What you should do — Transcribe exactly, and only, the lines running from the one with "411, 457, 485)." to the end of the entries below, both included, without any pictures.

Items from a data source
-=-=-=-=-
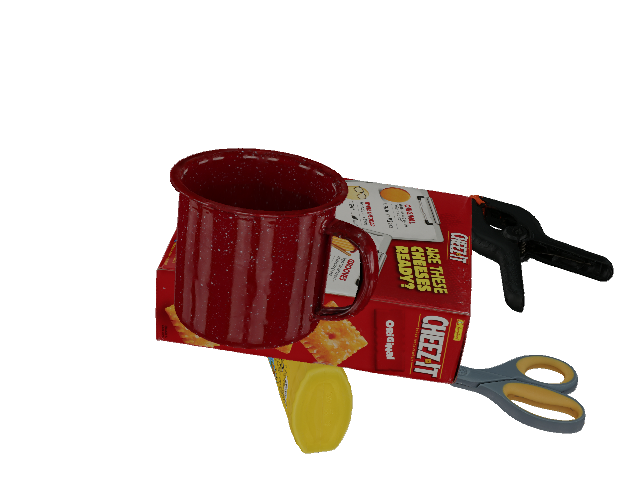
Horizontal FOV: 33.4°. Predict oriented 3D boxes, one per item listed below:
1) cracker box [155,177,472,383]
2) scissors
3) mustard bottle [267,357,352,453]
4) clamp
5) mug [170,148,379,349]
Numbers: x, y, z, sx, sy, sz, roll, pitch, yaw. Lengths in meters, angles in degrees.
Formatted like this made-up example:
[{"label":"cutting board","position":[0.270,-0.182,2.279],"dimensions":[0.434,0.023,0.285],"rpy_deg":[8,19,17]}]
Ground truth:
[{"label":"cracker box","position":[0.001,0.019,0.791],"dimensions":[0.213,0.072,0.164],"rpy_deg":[9,33,3]},{"label":"scissors","position":[0.134,0.109,0.917],"dimensions":[0.202,0.016,0.096],"rpy_deg":[21,34,21]},{"label":"mustard bottle","position":[-0.021,0.112,1.029],"dimensions":[0.058,0.096,0.192],"rpy_deg":[-6,28,-13]},{"label":"clamp","position":[0.211,0.005,1.080],"dimensions":[0.120,0.039,0.171],"rpy_deg":[-7,39,-18]},{"label":"mug","position":[-0.024,0.007,0.564],"dimensions":[0.117,0.081,0.093],"rpy_deg":[15,25,18]}]
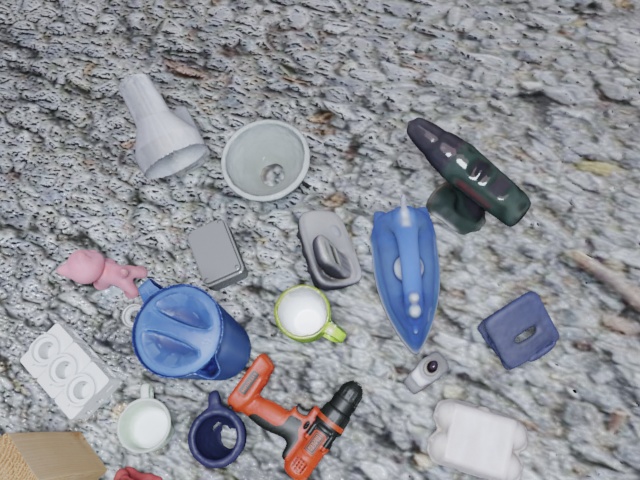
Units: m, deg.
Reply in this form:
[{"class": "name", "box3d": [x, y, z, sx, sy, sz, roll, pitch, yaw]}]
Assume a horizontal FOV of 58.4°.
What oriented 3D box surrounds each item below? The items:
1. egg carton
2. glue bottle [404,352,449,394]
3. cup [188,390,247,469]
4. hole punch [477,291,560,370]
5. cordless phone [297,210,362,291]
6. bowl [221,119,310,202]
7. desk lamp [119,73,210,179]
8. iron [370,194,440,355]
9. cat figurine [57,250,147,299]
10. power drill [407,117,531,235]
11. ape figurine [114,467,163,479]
[{"class": "egg carton", "box3d": [0.248, 0.317, 0.906, 0.150, 0.069, 0.107, 13, 74, 10]}, {"class": "glue bottle", "box3d": [0.169, 0.205, 0.895, 0.078, 0.173, 0.037, -39, 72, -7]}, {"class": "cup", "box3d": [-0.160, 0.309, 0.938, 0.091, 0.095, 0.118, -11, 72, 3]}, {"class": "hole punch", "box3d": [0.330, 0.150, 0.939, 0.108, 0.091, 0.101, -32, 72, -4]}, {"class": "cordless phone", "box3d": [0.009, 0.003, 0.970, 0.094, 0.185, 0.147, -22, 71, -1]}, {"class": "bowl", "box3d": [-0.098, -0.139, 1.084, 0.167, 0.075, 0.167, -2, 72, 5]}, {"class": "desk lamp", "box3d": [-0.283, -0.193, 1.047, 0.118, 0.214, 0.203, -29, 72, -3]}, {"class": "iron", "box3d": [0.150, 0.055, 0.962, 0.118, 0.141, 0.258, -6, 72, 4]}, {"class": "cat figurine", "box3d": [-0.395, 0.054, 1.031, 0.127, 0.118, 0.067, 10, 74, 9]}, {"class": "power drill", "box3d": [0.236, -0.092, 0.964, 0.229, 0.208, 0.076, 37, 80, 16]}, {"class": "ape figurine", "box3d": [-0.308, 0.404, 0.924, 0.076, 0.092, 0.077, -38, 72, -6]}]
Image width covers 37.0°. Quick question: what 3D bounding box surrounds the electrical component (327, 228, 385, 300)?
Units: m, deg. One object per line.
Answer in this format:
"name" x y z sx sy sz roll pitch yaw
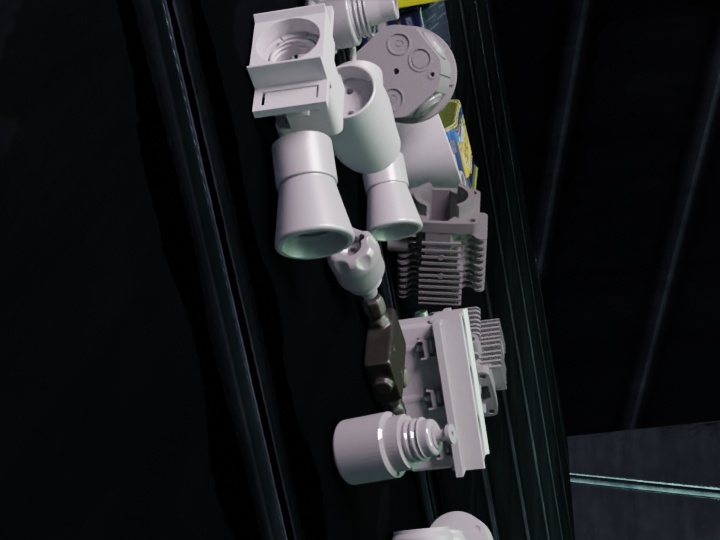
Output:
"electrical component" 0.000 0.000 0.715 0.061 0.035 0.035 67 19 -56

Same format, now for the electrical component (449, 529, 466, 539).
"electrical component" 0.061 0.228 0.815 0.045 0.045 0.055 55 29 -64

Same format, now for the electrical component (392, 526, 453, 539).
"electrical component" 0.046 0.212 0.762 0.045 0.045 0.055 43 39 -71

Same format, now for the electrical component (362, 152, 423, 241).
"electrical component" 0.022 -0.060 0.841 0.044 0.044 0.065 46 33 -70

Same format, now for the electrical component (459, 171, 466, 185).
"electrical component" 0.075 -0.066 1.045 0.058 0.057 0.078 -46 127 -75

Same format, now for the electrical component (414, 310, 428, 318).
"electrical component" 0.060 0.065 0.944 0.035 0.035 0.061 -53 131 -73

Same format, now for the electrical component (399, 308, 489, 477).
"electrical component" 0.062 0.097 0.866 0.079 0.063 0.121 -30 111 -77

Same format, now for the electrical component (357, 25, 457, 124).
"electrical component" 0.036 -0.161 0.881 0.051 0.080 0.080 -18 100 -72

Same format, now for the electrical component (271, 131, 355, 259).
"electrical component" -0.029 -0.044 0.598 0.044 0.044 0.065 52 27 -67

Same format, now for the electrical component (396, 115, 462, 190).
"electrical component" 0.058 -0.117 0.983 0.099 0.064 0.099 -9 90 -78

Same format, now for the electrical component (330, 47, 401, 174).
"electrical component" -0.002 -0.120 0.759 0.077 0.044 0.079 58 27 -62

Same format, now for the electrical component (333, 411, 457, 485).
"electrical component" 0.020 0.105 0.649 0.040 0.078 0.040 42 41 -51

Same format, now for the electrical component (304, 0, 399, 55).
"electrical component" -0.005 -0.175 0.740 0.048 0.062 0.048 -8 90 -78

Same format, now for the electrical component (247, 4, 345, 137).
"electrical component" -0.034 -0.110 0.615 0.063 0.042 0.081 70 18 -50

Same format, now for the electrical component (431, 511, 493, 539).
"electrical component" 0.082 0.265 0.870 0.073 0.052 0.138 52 32 -67
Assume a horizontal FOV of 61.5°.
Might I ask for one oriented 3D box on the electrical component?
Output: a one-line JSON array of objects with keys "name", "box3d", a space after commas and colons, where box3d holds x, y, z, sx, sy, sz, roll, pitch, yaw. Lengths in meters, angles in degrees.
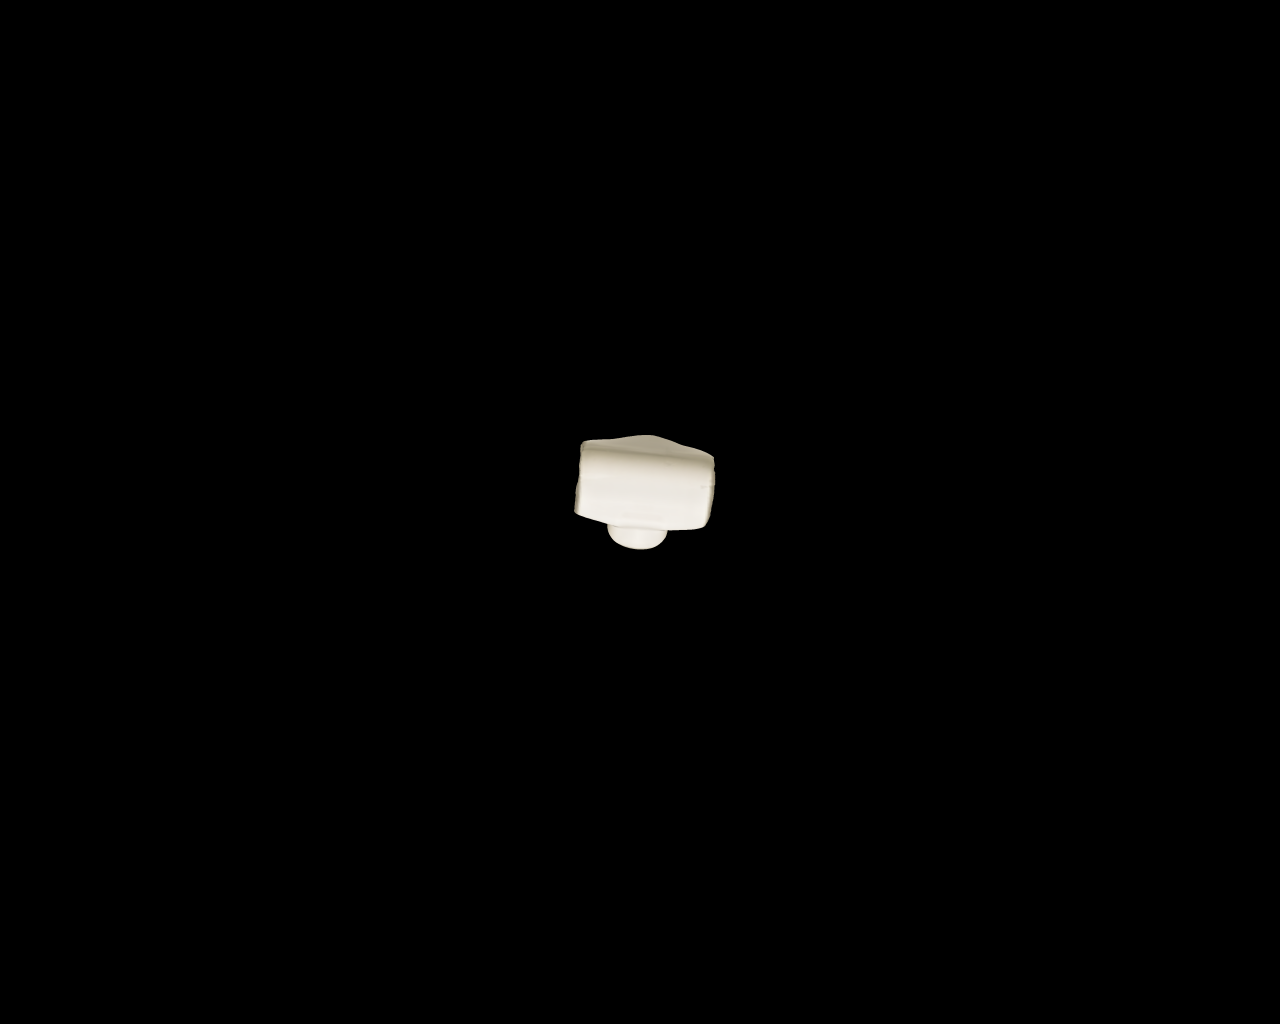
[{"name": "electrical component", "box3d": [0.001, -0.003, 0.650, 0.077, 0.079, 0.043, 5, 37, -4]}]
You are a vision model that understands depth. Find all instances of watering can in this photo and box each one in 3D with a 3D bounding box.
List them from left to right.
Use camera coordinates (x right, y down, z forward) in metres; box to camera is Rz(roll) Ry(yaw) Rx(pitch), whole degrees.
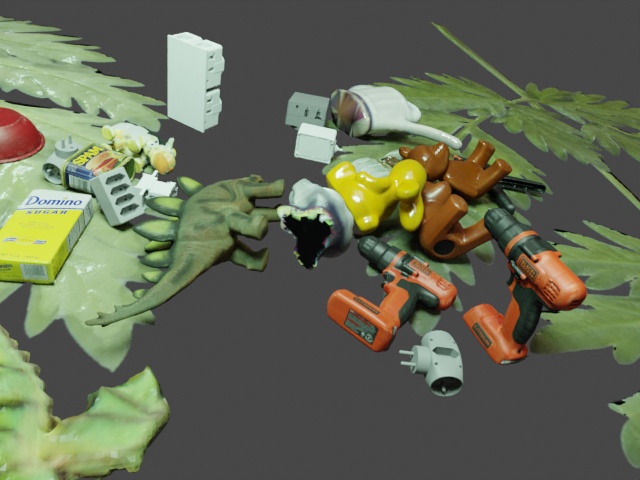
-=-=-=-=-
Response area —
Same format, now for the electrical component (333, 411, 457, 485).
"electrical component" 0.020 0.105 0.649 0.040 0.078 0.040 42 41 -51

Same format, now for the electrical component (304, 0, 399, 55).
"electrical component" -0.005 -0.175 0.740 0.048 0.062 0.048 -8 90 -78

Same format, now for the electrical component (247, 4, 345, 137).
"electrical component" -0.034 -0.110 0.615 0.063 0.042 0.081 70 18 -50

Same format, now for the electrical component (431, 511, 493, 539).
"electrical component" 0.082 0.265 0.870 0.073 0.052 0.138 52 32 -67
Assume a horizontal FOV of 61.5°.
Might I ask for one oriented 3D box on the electrical component?
Output: a one-line JSON array of objects with keys "name", "box3d", a space after commas and colons, where box3d holds x, y, z, sx, sy, sz, roll, pitch, yaw. Lengths in meters, angles in degrees.
[{"name": "electrical component", "box3d": [0.001, -0.003, 0.650, 0.077, 0.079, 0.043, 5, 37, -4]}]
You are a vision model that understands depth. Find all instances of watering can in this photo and box each one in 3D with a 3D bounding box.
List them from left to right.
Use camera coordinates (x right, y down, z forward) in metres; box to camera is Rz(roll) Ry(yaw) Rx(pitch), whole degrees.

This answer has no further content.